(Items from a dataset)
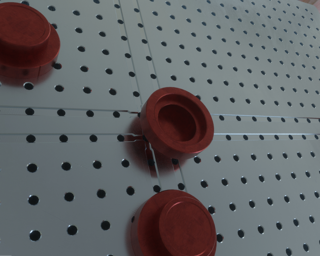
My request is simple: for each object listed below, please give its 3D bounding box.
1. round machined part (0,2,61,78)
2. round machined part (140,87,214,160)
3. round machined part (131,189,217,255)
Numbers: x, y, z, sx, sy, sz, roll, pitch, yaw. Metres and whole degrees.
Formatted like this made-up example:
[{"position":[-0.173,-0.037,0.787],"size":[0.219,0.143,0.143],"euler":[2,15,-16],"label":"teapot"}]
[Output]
[{"position":[-0.171,-0.112,0.374],"size":[0.099,0.042,0.098],"euler":[14,56,-21],"label":"round machined part"},{"position":[0.019,-0.003,0.411],"size":[0.099,0.042,0.098],"euler":[14,56,-21],"label":"round machined part"},{"position":[0.022,0.114,0.341],"size":[0.099,0.042,0.098],"euler":[14,56,-21],"label":"round machined part"}]
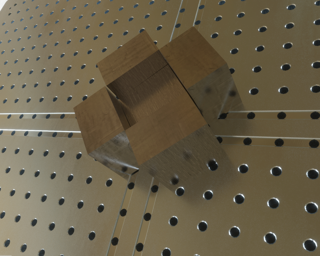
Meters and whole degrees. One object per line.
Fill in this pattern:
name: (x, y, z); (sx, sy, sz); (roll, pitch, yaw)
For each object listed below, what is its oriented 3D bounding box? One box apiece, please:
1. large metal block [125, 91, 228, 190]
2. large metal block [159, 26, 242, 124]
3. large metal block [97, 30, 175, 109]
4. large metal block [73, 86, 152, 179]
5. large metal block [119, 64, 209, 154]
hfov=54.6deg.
large metal block: (0.020, 0.018, 0.353); (0.080, 0.080, 0.050); (-32, 52, 7)
large metal block: (0.051, -0.064, 0.386); (0.050, 0.080, 0.080); (-33, 52, 6)
large metal block: (-0.027, -0.074, 0.434); (0.080, 0.080, 0.050); (-34, 51, 6)
large metal block: (-0.058, 0.007, 0.400); (0.050, 0.080, 0.080); (-34, 52, 6)
large metal block: (0.003, -0.022, 0.403); (0.080, 0.050, 0.080); (-34, 50, 8)
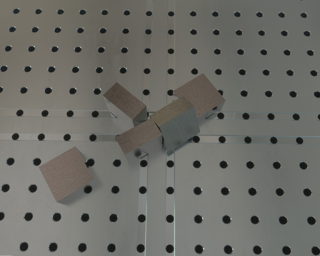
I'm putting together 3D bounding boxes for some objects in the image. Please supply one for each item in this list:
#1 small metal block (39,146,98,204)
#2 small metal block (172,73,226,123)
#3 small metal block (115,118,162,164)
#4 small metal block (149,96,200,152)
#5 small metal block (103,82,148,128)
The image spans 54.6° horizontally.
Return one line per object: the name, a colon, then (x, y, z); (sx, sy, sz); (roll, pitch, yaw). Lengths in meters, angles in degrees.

(EXERCISE DIRECTIONS)
Every entry should be returned exactly as written, minus the pictures.

(ANSWER SECTION)
My request is simple: for each object listed below, please give its 3D bounding box.
1. round machined part (0,2,61,78)
2. round machined part (140,87,214,160)
3. round machined part (131,189,217,255)
Numbers: x, y, z, sx, sy, sz, roll, pitch, yaw. Metres and whole degrees.
Formatted like this made-up example:
[{"position":[-0.173,-0.037,0.787],"size":[0.219,0.143,0.143],"euler":[2,15,-16],"label":"teapot"}]
[Output]
[{"position":[-0.171,-0.112,0.374],"size":[0.099,0.042,0.098],"euler":[14,56,-21],"label":"round machined part"},{"position":[0.019,-0.003,0.411],"size":[0.099,0.042,0.098],"euler":[14,56,-21],"label":"round machined part"},{"position":[0.022,0.114,0.341],"size":[0.099,0.042,0.098],"euler":[14,56,-21],"label":"round machined part"}]
Meters and whole degrees. One object per line.
Fill in this pattern:
name: (x, y, z); (sx, sy, sz); (roll, pitch, yaw)
For each object listed below, what is its oriented 3D bounding box? One box apiece, please:
1. large metal block [125, 91, 228, 190]
2. large metal block [159, 26, 242, 124]
3. large metal block [97, 30, 175, 109]
4. large metal block [73, 86, 152, 179]
5. large metal block [119, 64, 209, 154]
hfov=54.6deg.
large metal block: (0.020, 0.018, 0.353); (0.080, 0.080, 0.050); (-32, 52, 7)
large metal block: (0.051, -0.064, 0.386); (0.050, 0.080, 0.080); (-33, 52, 6)
large metal block: (-0.027, -0.074, 0.434); (0.080, 0.080, 0.050); (-34, 51, 6)
large metal block: (-0.058, 0.007, 0.400); (0.050, 0.080, 0.080); (-34, 52, 6)
large metal block: (0.003, -0.022, 0.403); (0.080, 0.050, 0.080); (-34, 50, 8)
I'm putting together 3D bounding boxes for some objects in the image. Please supply one for each item in this list:
#1 small metal block (39,146,98,204)
#2 small metal block (172,73,226,123)
#3 small metal block (115,118,162,164)
#4 small metal block (149,96,200,152)
#5 small metal block (103,82,148,128)
The image spans 54.6° horizontally.
Return one line per object: the name, a colon, then (x, y, z); (sx, sy, sz); (roll, pitch, yaw). Lengths in meters, angles in degrees.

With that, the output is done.